Mini Lab: Use your model to explore bias, diversity, and fairness.

  • Apply:

  • Diversity boosting

  • Popularity debiasing
  • Freshness filters

  • Re-evaluate:

  • Compare fairness, diversity, and relevance metrics before and after

  • Group Reflection:

  • Discuss improvements, regressions, and trade-offs


6. Gaming the System: How Users Can Personalize Their Feeds (10 mins)

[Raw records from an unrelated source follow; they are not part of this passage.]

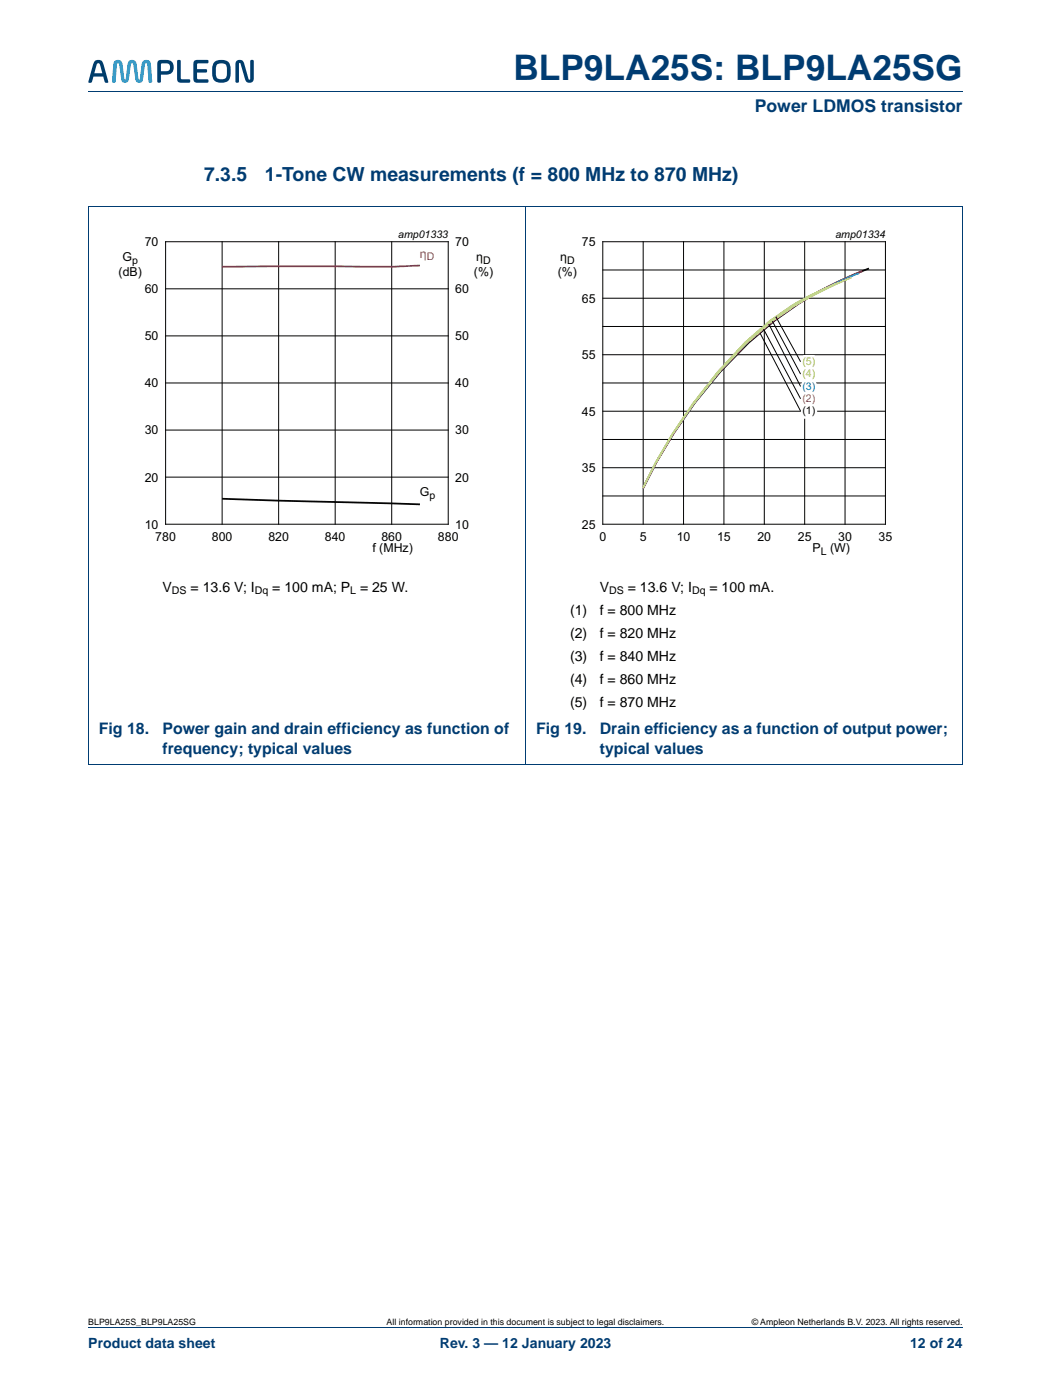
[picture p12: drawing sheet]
<svg xmlns="http://www.w3.org/2000/svg" width="210mm" height="280mm" viewBox="0 0 210 280" stroke-linecap="round" stroke-linejoin="round" font-family="sans-serif">
<defs><g id="words">
<text font-size="7" fill="#003c72" x="102.5" y="16">BLP9LA25S: BLP9LA25SG</text>
<g font-size="3.9" fill="#003c72">
<text x="40.8" y="36.1">7.3.5</text>
<text x="52.9" y="36.1">1-Tone CW measurements (f = 800 MHz to 870 MHz)</text>
</g>
<text font-size="3.5" fill="#003c72" x="150.7" y="22.4">Power LDMOS transistor</text>
<g font-size="3.2" fill="#003c72">
<text x="19.7" y="146.7">Fig 18.</text>
<text x="32.4" y="146.7">Power gain and drain efficiency as function of</text>
<text x="107.1" y="146.7">Fig 19.</text>
<text x="119.8" y="146.7">Drain efficiency as a function of output power;</text>
<text x="32.4" y="150.6">frequency; typical values</text>
<text x="119.8" y="150.6">typical values</text>
</g>
<g font-size="2.8">
<text x="32.4" y="118.3">V</text>
<text x="38.1" y="118.3">= 13.6 V; I</text>
<text x="54.4" y="118.3">= 100 mA; P = 25 W.</text>
<text x="119.8" y="118.3">V</text>
<text x="125.4" y="118.3">= 13.6 V; I</text>
<text x="141.7" y="118.3">= 100 mA.</text>
<text x="113.9" y="122.9">(1)</text>
<text x="119.8" y="122.9">f = 800 MHz</text>
<text x="113.9" y="127.4">(2)</text>
<text x="119.8" y="127.4">f = 820 MHz</text>
<text x="113.9" y="132">(3)</text>
<text x="113.9" y="136.6">(4)</text>
<text x="119.8" y="132">f = 840 MHz</text>
<text x="119.8" y="136.6">f = 860 MHz</text>
<text x="113.9" y="141.2">(5)</text>
<text x="119.8" y="141.2">f = 870 MHz</text>
</g>
<g font-size="2.8" fill="#003c72">
<text x="17.6" y="269.3">Product data sheet</text>
<text x="87.8" y="269.3">Rev. 3 — 12 January 2023</text>
<text x="181.8" y="269.3">12 of 24</text>
</g>
<g font-size="2.5">
<text x="24.5" y="52.2">G</text>
<text x="28.9" y="49.2">70</text>
<text x="90.9" y="49.2">70</text>
<text x="95.1" y="52.2">η</text>
<text x="111.9" y="52.2">η</text>
<text x="116.2" y="49.2">75</text>
<text x="23.7" y="55.1">(dB)</text>
<text x="28.9" y="58.6">60</text>
<text x="90.9" y="58.6">60</text>
<text x="94.7" y="55.1">(%)</text>
<text x="111.4" y="55.1">(%)</text>
<text x="116.2" y="60.5">65</text>
<text x="28.9" y="68">50</text>
<text x="90.9" y="68">50</text>
<text x="116.2" y="71.8">55</text>
<text x="28.9" y="77.4">40</text>
<text x="90.9" y="77.4">40</text>
<text x="116.2" y="83.1">45</text>
<text x="28.9" y="86.8">30</text>
<text x="90.9" y="86.8">30</text>
<text x="116.2" y="94.3">35</text>
<text x="28.9" y="96.2">20</text>
<text x="83.9" y="99.2">G</text>
<text x="90.9" y="96.2">20</text>
<text x="28.9" y="105.6">10</text>
<text x="90.9" y="105.6">10</text>
<text x="116.2" y="105.6">25</text>
<text x="31" y="108.1">780</text>
<text x="42.3" y="108.1">800</text>
<text x="53.6" y="108.1">820</text>
<text x="64.9" y="108.1">840</text>
<text x="74.4" y="110.4">f (MHz)</text>
<text x="76.2" y="108.1">860</text>
<text x="87.5" y="108.1">880</text>
<text x="119.7" y="108.1">0</text>
<text x="127.8" y="108.1">5</text>
<text x="135.1" y="108.1">10</text>
<text x="143.2" y="108.1">15</text>
<text x="151.3" y="108.1">20</text>
<text x="159.3" y="108.1">25</text>
<text x="162.3" y="110.4">P</text>
<text x="165.8" y="110.4">(W)</text>
<text x="167.4" y="108.1">30</text>
<text x="175.5" y="108.1">35</text>
</g>
<text font-size="2.5" fill="#ee0d55" x="83.9" y="51.5">η</text>
<g font-size="2.1">
<text x="79.5" y="47.5">amp01333</text>
<text x="166.8" y="47.5">amp01334</text>
<text x="26.4" y="52.7">p</text>
<text x="96.5" y="52.7">D</text>
<text x="113.3" y="52.7">D</text>
<text x="160.3" y="82.8">(1)</text>
<text x="85.8" y="99.7">p</text>
<text x="163.9" y="110.9">L</text>
<text x="34.3" y="118.8">DS</text>
<text x="50.9" y="118.8">Dq</text>
<text x="69.9" y="118.8">L</text>
<text x="121.6" y="118.8">DS</text>
<text x="138.2" y="118.8">Dq</text>
</g>
<g font-size="2.1" fill="#ee0d55">
<text x="85.2" y="52">D</text>
<text x="160.3" y="80.3">(2)</text>
</g>
<text font-size="2.1" fill="#c0d82c" x="160.3" y="72.9">(5)</text>
<text font-size="2.1" fill="#fcb40e" x="160.3" y="75.4">(4)</text>
<text font-size="2.1" fill="#0083c5" x="160.3" y="77.9">(3)</text>
<g font-size="1.8">
<text x="17.6" y="264.7">BLP9LA25S_BLP9LA25SG</text>
<text x="77.2" y="264.7">All information provided in this document is subject to legal disclaimers.</text>
<text x="150.1" y="264.7">© Ampleon Netherlands B.V. 2023. All rights reserved.</text>
</g>
</g></defs>
<path d="M17.6 18.3h174.7M17.6 265.3h174.7" fill="none" stroke="#003c72" stroke-width=".2"/>
<g fill="#003d6a">
<path d="M35.5 12l.6 .1v3.6l1.9 .3-.1 .5h-1.7a.68 .68 0 0 1-.8-.8v-3.4z"/>
<path d="M38.8 12.2l.6-.2h1.9l.3 .1-.1 .5-1.9 .1-.2 .1v1h1.8l.2 .4-.2 .3h-1.8v1.1l.2 .2 1.9 .1 .1 .5-.3 .1h-1.9a.68 .68 0 0 1-.8-.8v-2.9z"/>
<path d="M19.5 12.7l-.7 1.9h1.6l-.5-1.8-.1-.1zM18.9 12.2a1.11 1.11 0 0 1 1.2-.1 1.11 1.11 0 0 1 .7 1l.8 3.1v.3l-.6-.1-.4-1.1h-1.9l-.4 1.1-.6 .1v-.3l.8-3.1z"/>
<path d="M32.2 12.8l-.1 1.4h1.1a.79 .79 0 0 0 .8-.8 .79 .79 0 0 0-.8-.7zM31.6 12.2a2.92 2.92 0 0 1 2.9 .3 1.52 1.52 0 0 1 .1 1.6 1.52 1.52 0 0 1-1.4 .8h-1.1v1.5l-.4 .1-.3-.1v-3.6z"/>
<path d="M43.3 12.9a3.6 3.6 0 0 0 0 2.7 1.17 1.17 0 0 0 1.3 .2 1.17 1.17 0 0 0 .7-1.1 1.98 1.98 0 0 0-.4-1.9l-1.1-.1zM42.8 12.4a2.28 2.28 0 0 1 3 .3 4.3 4.3 0 0 1-.1 3.4 2.27 2.27 0 0 1-3.1-.3 4.3 4.3 0 0 1 .2-3.4z"/>
</g>
<path d="M22.9 12.2a.96 .96 0 0 1 1.1-.2 .96 .96 0 0 1 .5 1l.3 2.7 .2 .2 .1-.2 .4-2.7a.94 .94 0 0 1 .9-1 .94 .94 0 0 1 .9 1l.3 2.7 .2 .2 .1-.2 .4-2.7a.95 .95 0 0 1 .9-1 .95 .95 0 0 1 1 1l.2 3.4-.3 .1-.4-.1-.3-3.4-.2-.4-.3 .4-.3 2.8a.77 .77 0 0 1-.8 .7 .77 .77 0 0 1-.8-.7l-.4-2.8-.2-.4-.3 .4-.4 2.8a.77 .77 0 0 1-.7 .7 .77 .77 0 0 1-.8-.7l-.4-2.8-.2-.4-.3 .4-.2 3.4-.4 .1-.3-.1 .2-3.4z" fill="#00b6f1"/>
<path d="M47.2 12.2a.97 .97 0 0 1 1-.2 .97 .97 0 0 1 .6 .9l.8 2.9 .2 .1 .2-.1v-3.7l.4-.1 .3 .1v3.5a.9 .9 0 0 1-.9 .9 .9 .9 0 0 1-.9-.9l-.9-2.9-.1-.1-.2 .1v3.7l-.3 .1-.4-.1v-3.5z" fill="#003d6a"/>
<path d="M17.6 41.3h174.7M17.6 41.3v111.4M105 41.2v111.6M192.3 41.3v111.4M17.6 152.7h174.7" fill="none" stroke="#003c72" stroke-width=".2"/>
<g fill="none" stroke="#000" stroke-width=".2">
<path d="M33.1 48.3h56.4v56.5h-56.4zM33.1 57.7h56.4M44.4 48.3v56.5M55.7 48.3v56.5M66.9 48.3v56.5M78.2 48.3v56.5M120.4 48.3h56.4v56.5h-56.4zM120.4 59.6h56.4M120.4 53.9h56.4M128.5 48.3v56.5M136.5 48.3v56.5M144.6 48.3v56.5"/>
<path d="M152.6 48.3v56.5M160.7 48.3v56.5M168.8 48.3v56.5M33.1 76.5h56.4M33.1 67.1h56.4M120.4 76.5h56.4M120.4 70.9h56.4M120.4 65.2h56.4M151.8 66.6l8.1 15.6M152.5 65.8l7.4 13.9M153.6 64.8l6.3 12.4M154.3 64.2l5.6 10.6"/>
<path d="M155 63.3l4.9 9M33.1 95.3h56.4M33.1 85.9h56.4M120.4 99.1h56.4M120.4 93.5h56.4M120.4 87.8h56.4M120.4 82.2h56.4"/>
</g>
<path d="M173.5 53.6l-.7 .3a80.6 80.6 0 0 0-13.3 6.8 83.5 83.5 0 0 0-24.9 25.9l-3.4 5.6-2.7 5.4M44.4 99.7l39.5 1.1" fill="none" stroke="#000" stroke-width=".35"/>
<path d="M83.9 53.1a447.5 447.5 0 0 1-24.4 .1l-15.1 .1M172.2 54.2l-3.9 1.6-4.1 2.1a68.1 68.1 0 0 0-20.3 16.1 102.3 102.3 0 0 0-15.4 23.3" fill="none" stroke="#ee0d55" stroke-width=".35"/>
<path d="M171.5 54.6l-2.9 1.2-4.2 2a66.4 66.4 0 0 0-20.7 16.4 99 99 0 0 0-15.3 23.4" fill="none" stroke="#0083c5" stroke-width=".35"/>
<path d="M170 55.5l-6.6 3a62.6 62.6 0 0 0-19.9 16 101.4 101.4 0 0 0-15.1 23.1" fill="none" stroke="#fcb40e" stroke-width=".35"/>
<path d="M167.6 56.5l-4.2 1.8-3.5 1.8a48.3 48.3 0 0 0-11 8.3 104.3 104.3 0 0 0-20.5 29.1" fill="none" stroke="#c0d82c" stroke-width=".35"/>
<use href="#words"/>
</svg>

  • How users can influence their recommendation feed (e.g., YouTube, Spotify)
  • Implications of over-personalization (filter bubbles, doomscrolling)
  • Tips for better and diverse recommendations

7. Conclusion & Q\&A (20 mins)

  • Wrap-Up
  • Q\&A: Open floor for questions on theory, implementation, or ethics
  • Additional Resources:

  • GitHub repo with code, datasets, and readings

  • Encourage continued learning and experimentation

Target Audience

Intermediate

Prerequisites
  • Proficiency in Python, pandas, NumPy, and PyTorch
  • A solid understanding of machine learning fundamentals, model evaluation, and training loops
  • Familiarity with basic data pipelines and handling model performance metrics

Audience –
This workshop is designed for:
- Machine Learning and Deep Learning practitioners with some experience in building models
- Students and data scientists curious about algorithmic personalization and its impact on user behavior
- Engineers focused on content feeds, recommendation engines, or user engagement systems

Expected Outcomes –
- Understand the core components of recommendation systems, including algorithmic selection and ranking mechanisms, and their business impact
- Build and train a two-tower recommendation model, understanding why it’s used in content recommendation
- Gain hands on experience in evaluating recommendation systems
- Tackle real-world challenges like algorithmic bias, fairness, and diversity using techniques
- Explore case studies like Pratilipi to understand the practical implications of ethical decision making in recommendation models
- Walk away with a GitHub repository containing code, datasets, and additional learning resources

About the Speaker

Aman Kumar Pandey is a Data Scientist specializing in NLP, Recommender Systems, and Applied AI, with 6+ years of experience across diverse industries.He has developed large-scale recommendation engines, fine-tuned LLMs, and worked on model monitoring, explainable AI, and multilingual NLP solutions.

Currently working at Pratilipi building Recommendation system at scale.

His work spans industry and conservation tech, using AI for wildlife monitoring via computer vision and deep learning. Passionate about open science and AI for social impact, he collaborates with researchers and NGOs to drive real-world innovation.